I have created a font that copies kanji shapes 大漢和辞典. The svg data and 大漢和辞典 id to unicode mapping comes from glyphwiki.org.
641 characters have overlapping unicode which means that I had to make a choice as to which 大漢和辞典 character to keep based on the information provided within the dictionary. Please let me know if I made a mistake.
The bundled python script uses fontforge to create fontforge project file based on the content of the SVG folder. The part before the space in the filename of the svg files is the decimal number representing an unicode code point.
Once the fontforge project file is generated (.sfd), open it in fontforge, select all glyphs and apply a 1000 fixed width to all of them. ctrl+a > right click > “Set width…” > “Set Width To: 1000”.
To generate the font files: File > Generate Fonts
Update 2022/12/07: Version 1.1
Fixed a bug where latin characters were displayed as being transparent. Fallback fonts for those characters should now work.
Update 2022/12/23: Version 1.3
Re-checked all 640 overlapping characters in order to fix some mistakes/select the most accurate character.
Fixed a missing glyph.
Generated additional font formats (otf, ttf, woff and woff2).
I’m planning to review all of them once again to make sure I didn’t make any mistake.
There is also an “issue” where I personally picked 俗字 over 誤字/譌字 but that might not always be a good idea because it doesn’t correspond to the glyph displayed in the unicode standard. To give a specific example, a user showed me this issue on telegram:
These two characters are both colliding within the “衆” unicode point so I had to pick one over the other. 33981 is registered as being 譌字 of 眾 whilst 49702 is registered as being a 俗字 of 眾. This means that I selected 49702 instead of 33981 but this glyph doesn’t appear in the unicode chart at all.
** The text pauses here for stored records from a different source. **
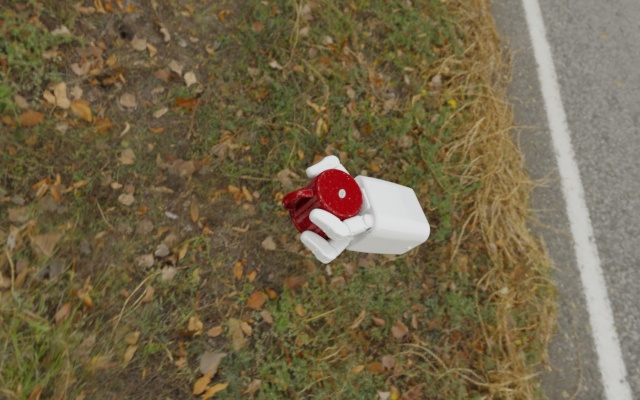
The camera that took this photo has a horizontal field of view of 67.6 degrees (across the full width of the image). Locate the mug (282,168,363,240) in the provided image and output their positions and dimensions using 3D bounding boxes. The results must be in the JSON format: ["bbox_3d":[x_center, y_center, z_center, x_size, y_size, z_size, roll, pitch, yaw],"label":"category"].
[{"bbox_3d":[-0.001,0.002,0.716,0.117,0.093,0.081,9,-29,-28],"label":"mug"}]
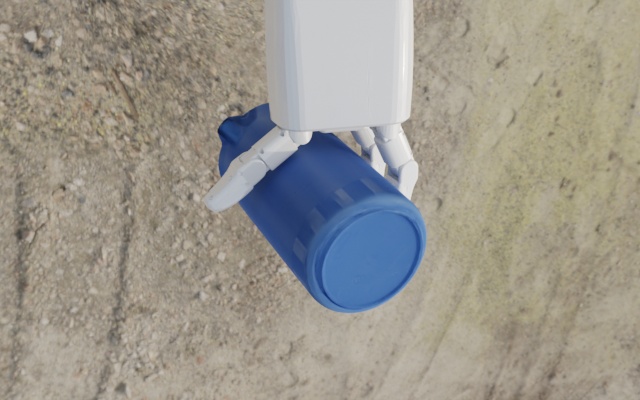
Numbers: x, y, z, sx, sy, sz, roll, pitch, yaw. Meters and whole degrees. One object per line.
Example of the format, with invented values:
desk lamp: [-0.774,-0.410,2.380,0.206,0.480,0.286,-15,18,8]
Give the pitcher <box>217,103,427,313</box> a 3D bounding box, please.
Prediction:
pitcher: [0.000,0.001,0.469,0.149,0.145,0.242,-13,30,-20]
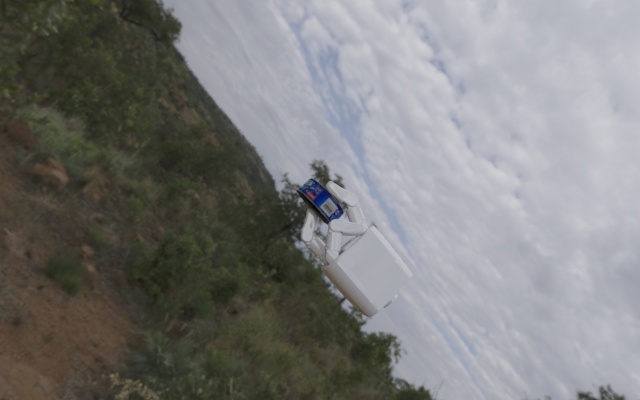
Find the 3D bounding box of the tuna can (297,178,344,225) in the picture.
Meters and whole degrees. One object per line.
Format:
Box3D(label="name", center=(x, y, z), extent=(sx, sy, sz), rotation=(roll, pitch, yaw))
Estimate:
Box3D(label="tuna can", center=(0.001, 0.002, 0.818), extent=(0.034, 0.086, 0.086), rotation=(-43, 6, -7))
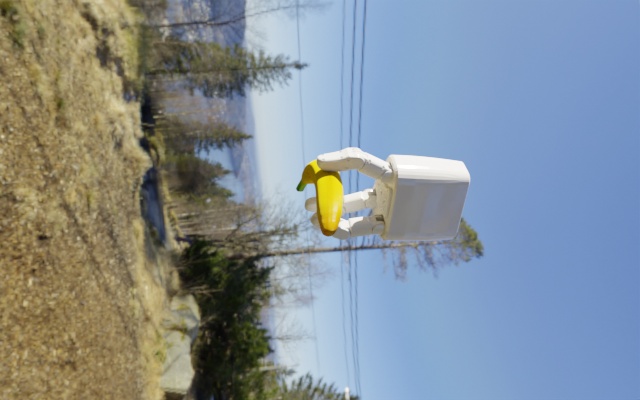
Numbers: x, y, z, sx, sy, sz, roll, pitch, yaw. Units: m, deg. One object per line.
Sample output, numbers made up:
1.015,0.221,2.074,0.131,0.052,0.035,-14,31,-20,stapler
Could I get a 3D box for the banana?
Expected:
0.004,-0.017,0.639,0.037,0.070,0.197,10,15,-14,banana
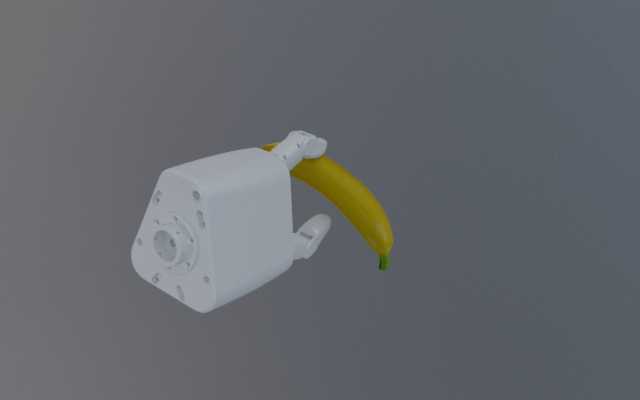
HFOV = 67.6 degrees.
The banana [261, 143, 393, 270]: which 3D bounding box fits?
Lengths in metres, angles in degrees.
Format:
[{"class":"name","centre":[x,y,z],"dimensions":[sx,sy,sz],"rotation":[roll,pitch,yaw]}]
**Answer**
[{"class":"banana","centre":[0.011,-0.008,0.515],"dimensions":[0.037,0.198,0.070],"rotation":[-33,-16,-51]}]

In this case I believe it might make more sense to have 33981 instead.
what does the morohashi glyph look like? (I no longer have this dictionary because the the picture quality on mine was poor, despite talking up several GB)
I have attached pictures of the glyphs in question in my post above. These are svgs from the glyphwiki.org project. The 大漢和辞典 ID is the number displayed after “dkw-”
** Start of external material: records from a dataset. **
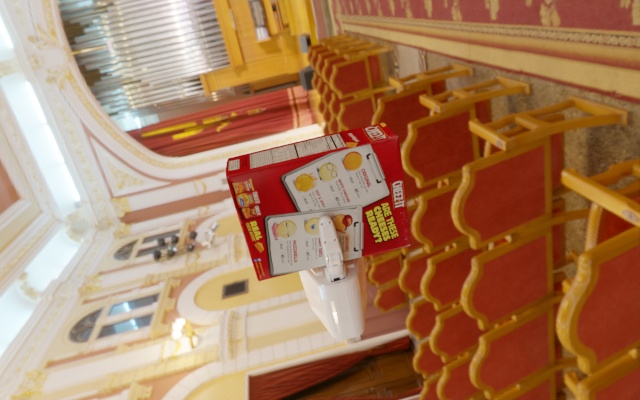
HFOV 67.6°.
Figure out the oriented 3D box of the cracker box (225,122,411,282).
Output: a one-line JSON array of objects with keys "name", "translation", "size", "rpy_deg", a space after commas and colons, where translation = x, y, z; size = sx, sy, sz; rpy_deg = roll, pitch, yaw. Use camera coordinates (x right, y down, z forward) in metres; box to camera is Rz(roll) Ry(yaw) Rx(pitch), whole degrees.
[{"name": "cracker box", "translation": [0.000, 0.002, 0.630], "size": [0.213, 0.164, 0.072], "rpy_deg": [-14, 30, -3]}]
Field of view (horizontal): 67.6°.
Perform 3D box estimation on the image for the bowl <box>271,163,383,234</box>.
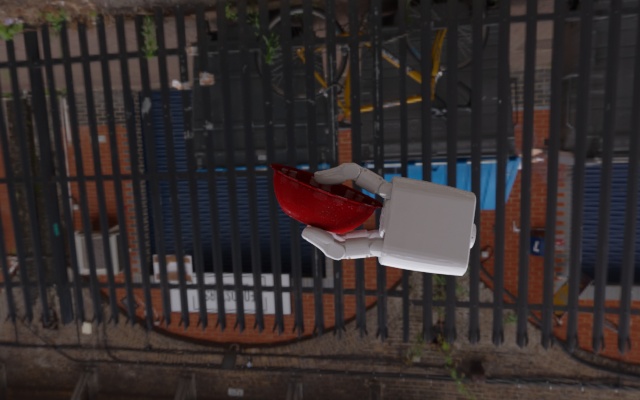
[{"bbox_3d":[-0.001,0.002,0.648,0.162,0.055,0.162,20,8,-3],"label":"bowl"}]
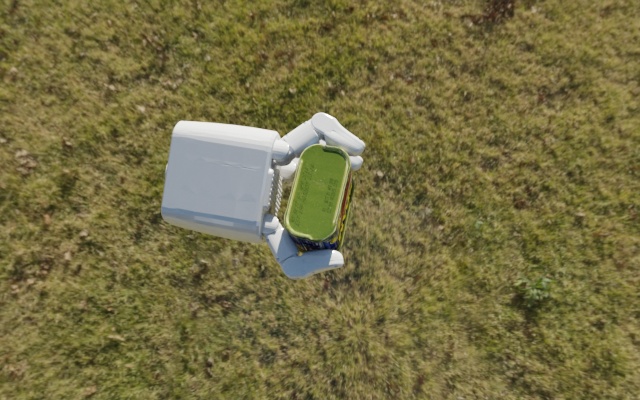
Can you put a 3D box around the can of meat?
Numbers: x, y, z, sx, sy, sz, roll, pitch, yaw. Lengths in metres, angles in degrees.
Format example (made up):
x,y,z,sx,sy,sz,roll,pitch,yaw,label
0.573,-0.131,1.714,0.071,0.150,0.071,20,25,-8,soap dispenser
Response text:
x,y,z,sx,sy,sz,roll,pitch,yaw,label
0.000,0.002,0.493,0.057,0.102,0.084,11,-14,8,can of meat

An hd version of the mdx dictionary can be found here: 百度网盘 请输入提取码 提取码:js6f
oh I see. IMO, the so called Unicode standard is a reference guide for common use, you should not be limited by it if the goal is to faithfully represent a particular glyph in a dictionary.
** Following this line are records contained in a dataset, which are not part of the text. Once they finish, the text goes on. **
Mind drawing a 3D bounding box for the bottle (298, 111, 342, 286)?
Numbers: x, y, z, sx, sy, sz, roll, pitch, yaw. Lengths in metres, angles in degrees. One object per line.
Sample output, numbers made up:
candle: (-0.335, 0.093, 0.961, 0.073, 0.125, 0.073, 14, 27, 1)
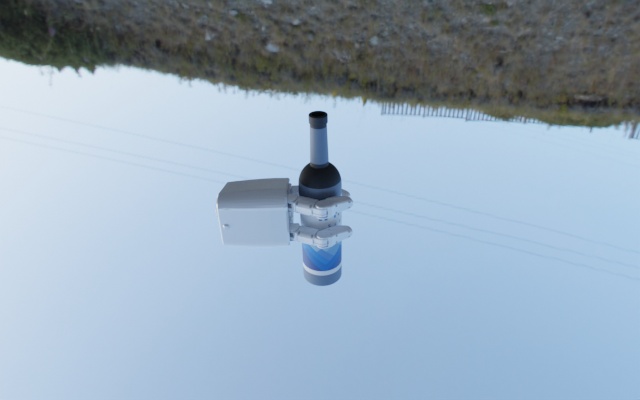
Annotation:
bottle: (0.000, 0.003, 0.751, 0.069, 0.296, 0.069, -1, 33, 1)
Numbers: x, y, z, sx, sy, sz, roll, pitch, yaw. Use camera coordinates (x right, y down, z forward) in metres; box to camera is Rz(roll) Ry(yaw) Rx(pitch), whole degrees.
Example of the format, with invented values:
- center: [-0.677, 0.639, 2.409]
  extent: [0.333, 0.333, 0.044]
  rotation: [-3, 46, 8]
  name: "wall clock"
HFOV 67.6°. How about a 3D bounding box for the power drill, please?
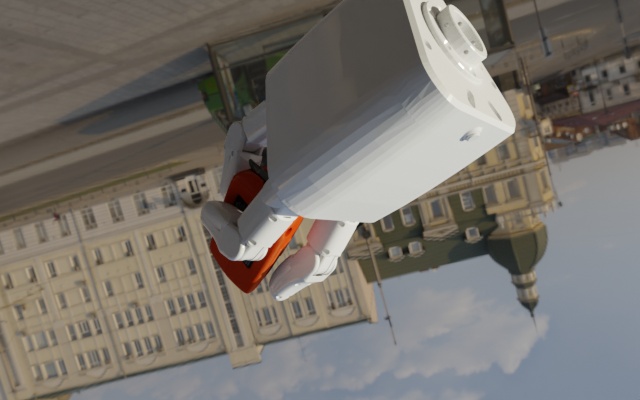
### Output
- center: [0.000, 0.001, 0.405]
  extent: [0.187, 0.057, 0.184]
  rotation: [-31, -21, -40]
  name: "power drill"
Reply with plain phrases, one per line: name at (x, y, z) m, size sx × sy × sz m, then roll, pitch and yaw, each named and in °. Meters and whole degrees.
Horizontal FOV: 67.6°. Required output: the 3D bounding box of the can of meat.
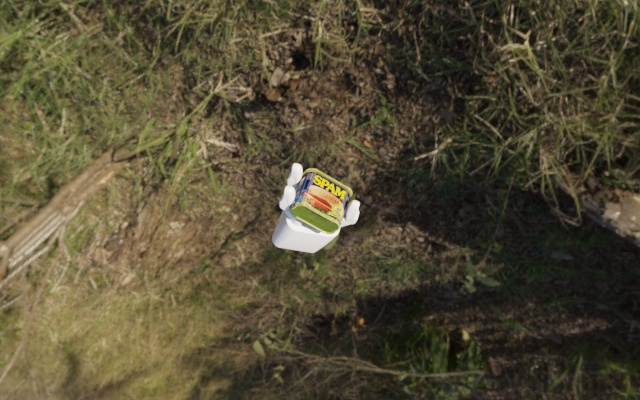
can of meat at (0.000, 0.003, 0.891) m, size 0.102 × 0.084 × 0.057 m, roll 29°, pitch -35°, yaw -15°
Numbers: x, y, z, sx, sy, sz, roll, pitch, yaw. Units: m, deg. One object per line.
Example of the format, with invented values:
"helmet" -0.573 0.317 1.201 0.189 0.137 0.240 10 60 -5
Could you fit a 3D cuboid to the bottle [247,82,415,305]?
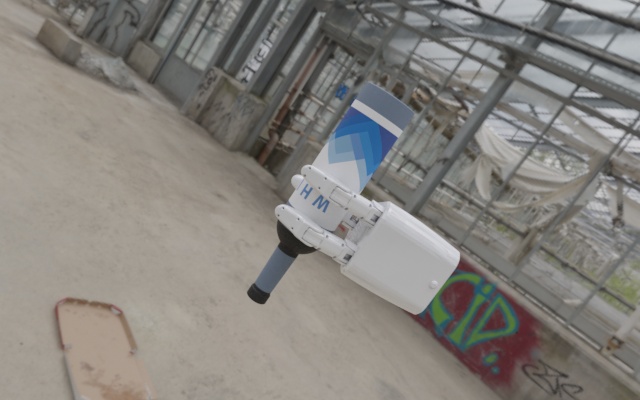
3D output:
"bottle" 0.000 0.002 0.575 0.069 0.296 0.069 33 10 -6

if the dictionary has both glyphs then one should find a way to preserve both. if the issue is that the available svg glyphs are merely approximate, well, heh, then it has be manually customized. there is a lot of variation for this character.
I would like to represent both glyph but it is not possible because they share the same unicode code point for 衆 (the 正字 “眾” is a totally different code point so no issue there):
+matches the unicode standard for “衆”
-譌字 classification within 大漢和辞典
-doesn’t match the unicode standard for “衆”
+俗字 classification within 大漢和辞典
From my understanding, 俗字 is more “correct” than 譌字 since 譌字 is a pure mistake whilst 俗字 is just informal. But in this case, this would mean choosing the glyph that doesn’t correctly represent the unicode standard.
the Unicode code chart is for providing reference glyphs that represent regional standards, standards used by modern institutions.
that’s not relevant to representing the actual variants found in classical dictionaries. if the glyph is faithful, use it, and then choose the codepoint that best corresponds to the character.
as for concepts like 正, 俗 and 譌, they are useful for thinking about historical change, but as value judgments these categories are not absolute and actually shift over time, and can even differ from dictionary to dictionary. if a particular glyph had been used for centuries, who are we to tell the ancients they were wrong all along? as if they are stuck in their historical moment while we are somehow outside of time and freed from history.